Search is the remaining one third of the chess program.
It is also the most difficult part to understand.
Theoretically what search does is that it basically Looks Ahead in the game.
This is what search practically does:
Suppose a position has 'N' legal moves.
Then search makes a legal move, evaluates the position and unmakes the move.
Search will do this for 'N' times (to cover all N legal moves).
Then it will determine and return the best move among all.
The story of two Entities
As discussed before in eval section there are 2 entities:
1. Maximiser
2. Minimiser
These entities are determined by the perspective of eval.
Currently eval returns the advantage of the side to move (Refer eval.c)
/* the score[] array is set, now return the score relative
to the side to move */
if (side == LIGHT)
return score[LIGHT] - score[DARK];
return score[DARK] - score[LIGHT];
But, before we get a clearer understanding, lets code such that eval only returns white's advantage = "score[LIGHT] - score[DARK]" i.e eval's perspective is "white".
This is used to determine who is maximiser and who is minimiser.
If eval always returns score with White's perspective then, white is maximiser and black is minimiser.
So, if we have to define the best move among 'N' legal moves in search.
For white, the best move is the one which has maximum eval value.
For black, the best move is the one which has minimum eval value.
Below are the search loops for both the players.
A search loop would loop for all moves generated for a position (not in code).
int max(move_bytes* best_move)
{
int score = -100000;
int i , value;
gen();
for (i = first_move[ply]; i < first_move[ply + 1]; ++i) {
if (!makemove(gen_dat[i].m.b))
continue;
value = -eval();
takeback();
if(value > score){
score = value;
*best_move = gen_dat[i].m.b;
}
}
return score;
}
int min(move_bytes* best_move)
{
int score = 100000;
int i , value;
gen();
for (i = first_move[ply]; i < first_move[ply + 1]; ++i) {
if (!makemove(gen_dat[i].m.b))
continue;
value = eval();
takeback();
if(value < score){
score = value;
*best_move = gen_dat[i].m.b;
}
}
return score;
}
Notice a few things in the above functions:
1. We have coded such that eval returns with white's perspective ALWAYS.
This is done by multiplying the value returned by eval with '-1' in max function.
2. The makemove function is also a move legality checker.
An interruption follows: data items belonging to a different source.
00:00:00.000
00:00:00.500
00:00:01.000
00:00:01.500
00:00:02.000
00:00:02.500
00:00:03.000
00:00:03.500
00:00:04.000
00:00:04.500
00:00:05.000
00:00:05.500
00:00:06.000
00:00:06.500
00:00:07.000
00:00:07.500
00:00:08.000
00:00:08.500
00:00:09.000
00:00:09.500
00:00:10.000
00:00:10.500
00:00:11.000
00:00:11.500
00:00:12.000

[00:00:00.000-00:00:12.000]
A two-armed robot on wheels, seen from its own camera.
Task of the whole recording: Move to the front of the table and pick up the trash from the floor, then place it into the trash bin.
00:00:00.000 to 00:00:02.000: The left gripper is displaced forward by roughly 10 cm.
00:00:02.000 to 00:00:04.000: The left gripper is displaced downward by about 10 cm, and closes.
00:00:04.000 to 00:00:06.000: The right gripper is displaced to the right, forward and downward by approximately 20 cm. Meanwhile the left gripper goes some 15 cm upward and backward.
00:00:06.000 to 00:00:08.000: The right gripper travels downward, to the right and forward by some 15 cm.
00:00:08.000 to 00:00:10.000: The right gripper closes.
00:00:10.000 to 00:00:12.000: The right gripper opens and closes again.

If it returns TRUE, the move is anyways made and if it returns FALSE then we just continue the for loop with the next move.
3. The initial scores are set to +/- INFINITY (a very high number). This is done so that atleast 1 move will be accepted in our search.
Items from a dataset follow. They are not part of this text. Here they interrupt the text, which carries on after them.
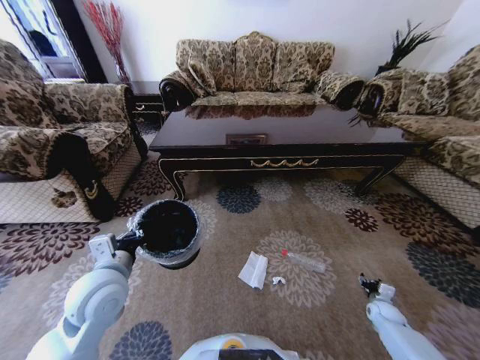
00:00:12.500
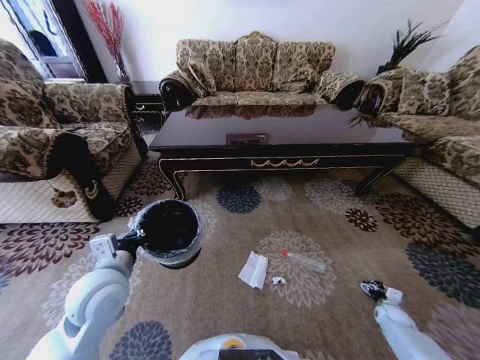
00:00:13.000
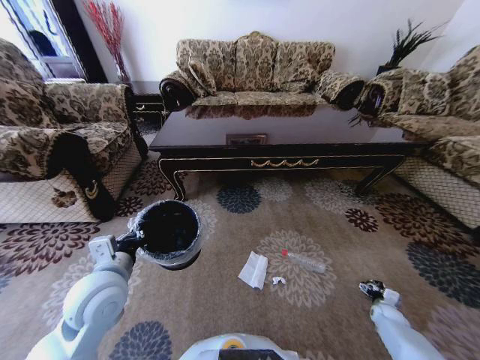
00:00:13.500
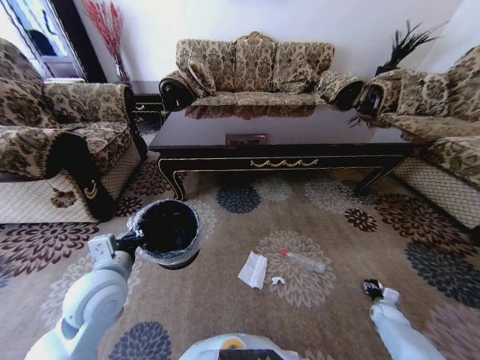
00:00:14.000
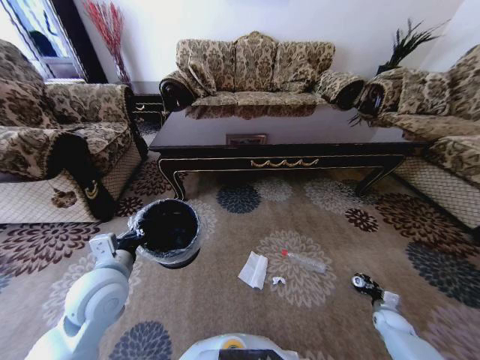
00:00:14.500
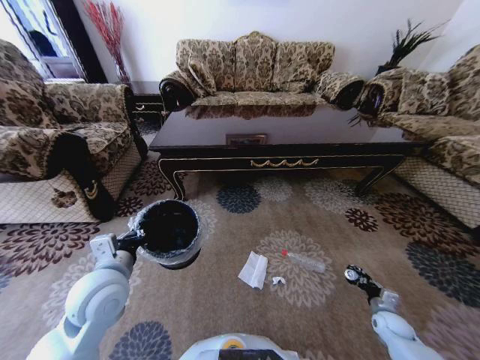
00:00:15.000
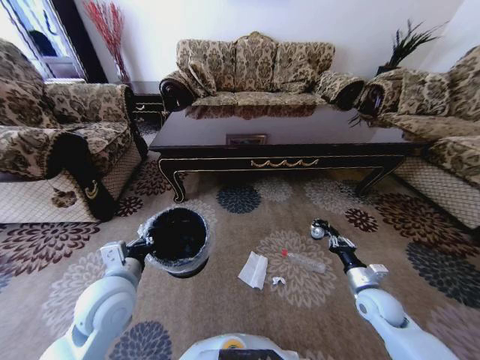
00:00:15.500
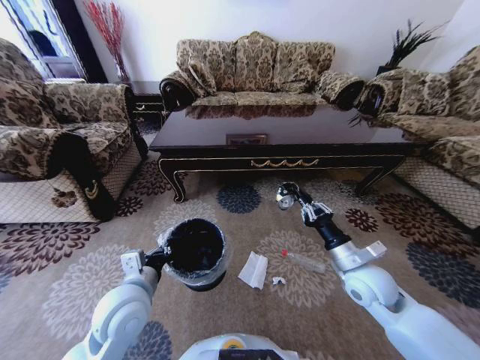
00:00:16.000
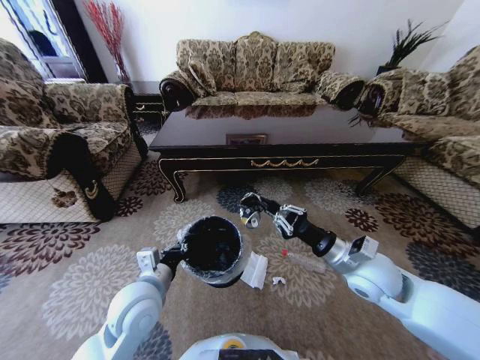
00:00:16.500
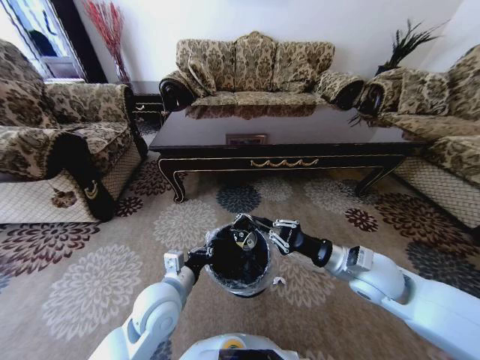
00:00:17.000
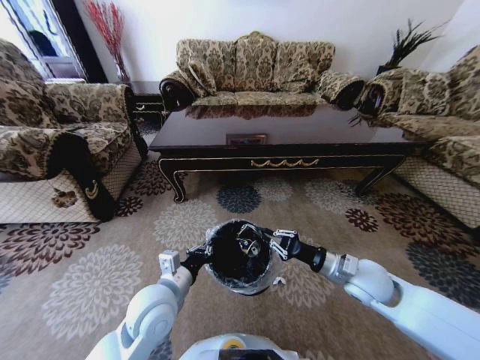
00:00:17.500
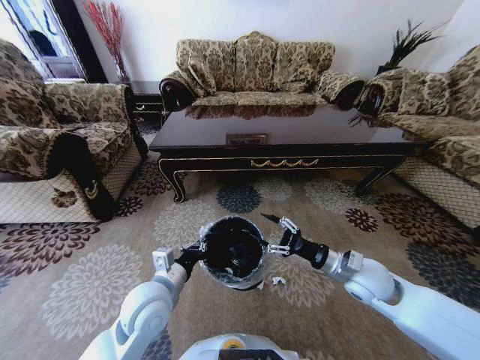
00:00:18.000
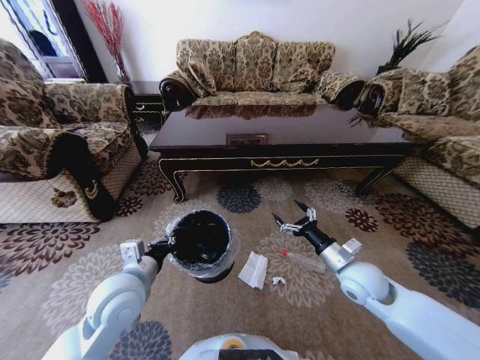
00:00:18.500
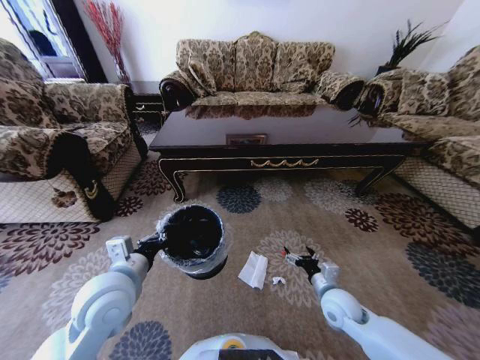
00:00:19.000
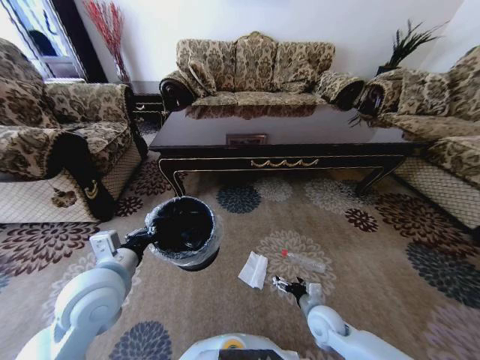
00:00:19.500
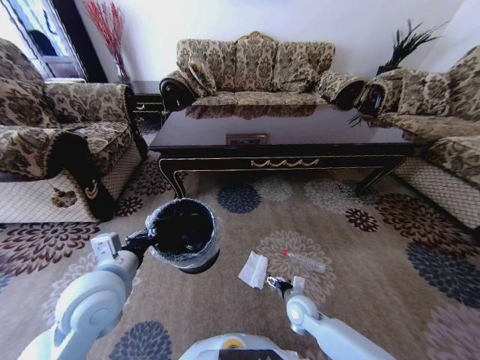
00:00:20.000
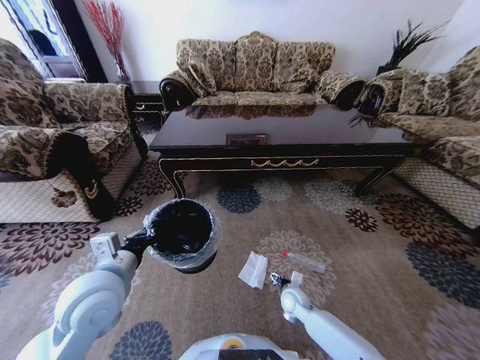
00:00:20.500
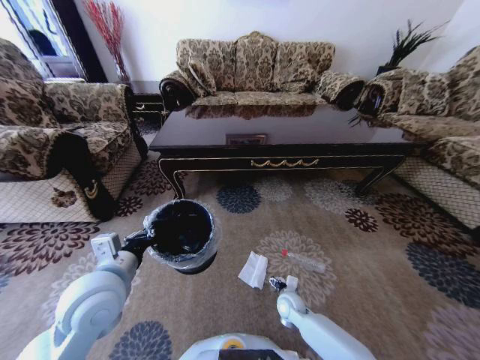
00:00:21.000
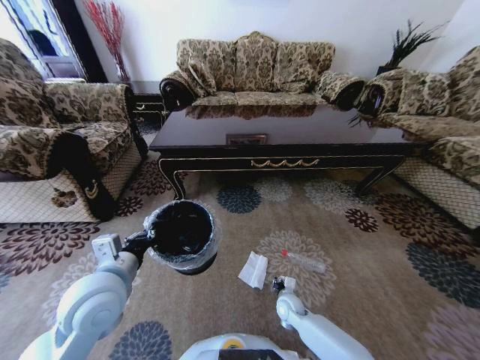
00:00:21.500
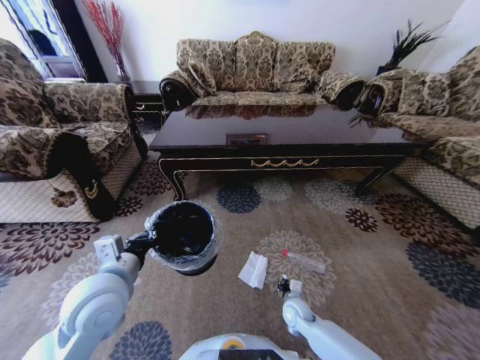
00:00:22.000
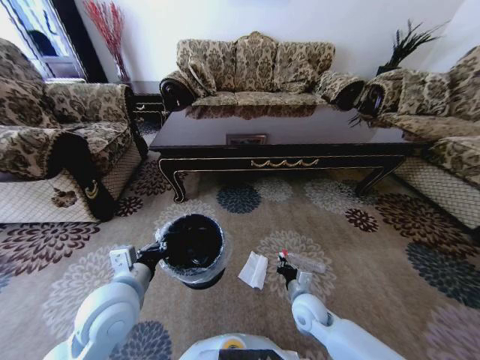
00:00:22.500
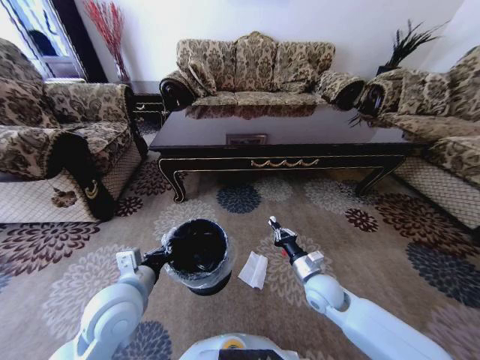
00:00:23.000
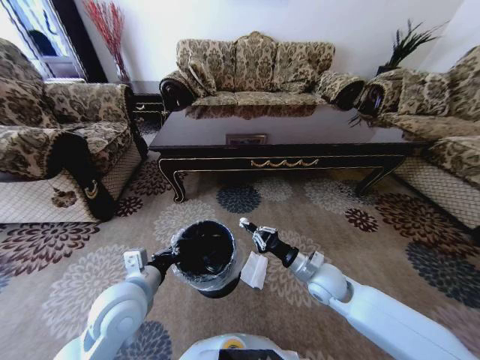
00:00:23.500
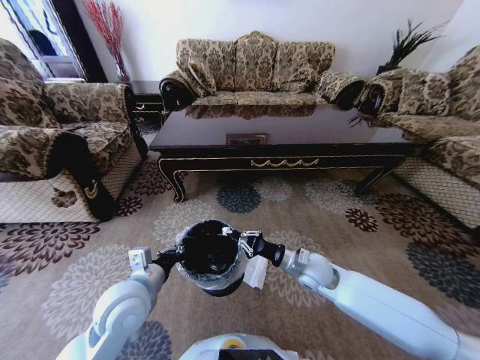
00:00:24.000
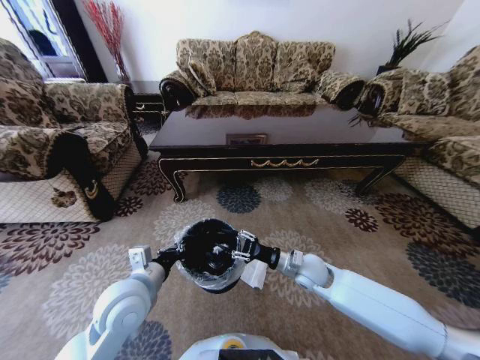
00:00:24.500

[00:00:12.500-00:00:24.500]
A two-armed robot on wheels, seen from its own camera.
Task of the whole recording: Move to the front of the table and pick up the trash from the floor, then place it into the trash bin.
00:00:12.500 to 00:00:14.500: The right gripper closes.
00:00:14.500 to 00:00:16.500: The left gripper travels to the right by roughly 5 cm. The right gripper shifts about 50 cm upward and to the left.
00:00:16.500 to 00:00:18.500: The right gripper is displaced downward by about 5 cm, and opens up.
00:00:18.500 to 00:00:20.500: The right gripper shifts approximately 25 cm downward and to the left.
00:00:20.500 to 00:00:22.500: The right gripper travels upward by roughly 5 cm, and closes.
00:00:22.500 to 00:00:24.500: The right gripper heads upward and forward, covering some 15 cm, and opens its fingers.

4. The evaluate function does not contain checkmate detection or END_OF_GAME_CONDITION. This needs to be implemented in the search function and if such a case arises then this score should over ride the score returned by evaluate.
And then there is the main search function.
2 parameters are desired from search function :
1. Score
2. Best Move
The best_move is fetched by passing a pointer (as of now).
This is because later when we will understand deep searches, it will be seen that the score returned by max or min function will actually play the role of eval function.
Also, best_move will be replaced by a series of principal moves called as principal variation.
void search(){
move_bytes best_move ;
int score;
if (side == LIGHT)
score = max(&best_move);
else
score = min(&best_move);
printf("\n Score is : %d",score);
printf("\n Best Move is : %s",move_str(best_move));
}
Personal note:
In order to understand SEARCH ALGORITHM better, just forget about your Board Representation details and only concentrate on this:
1. All that is needed from board rep implementation are the 4 functions - move generation, move make, move unmake and evaluate.
2. We have to go through search slowly breaking up things before coming to the final algorithm as in TSCP.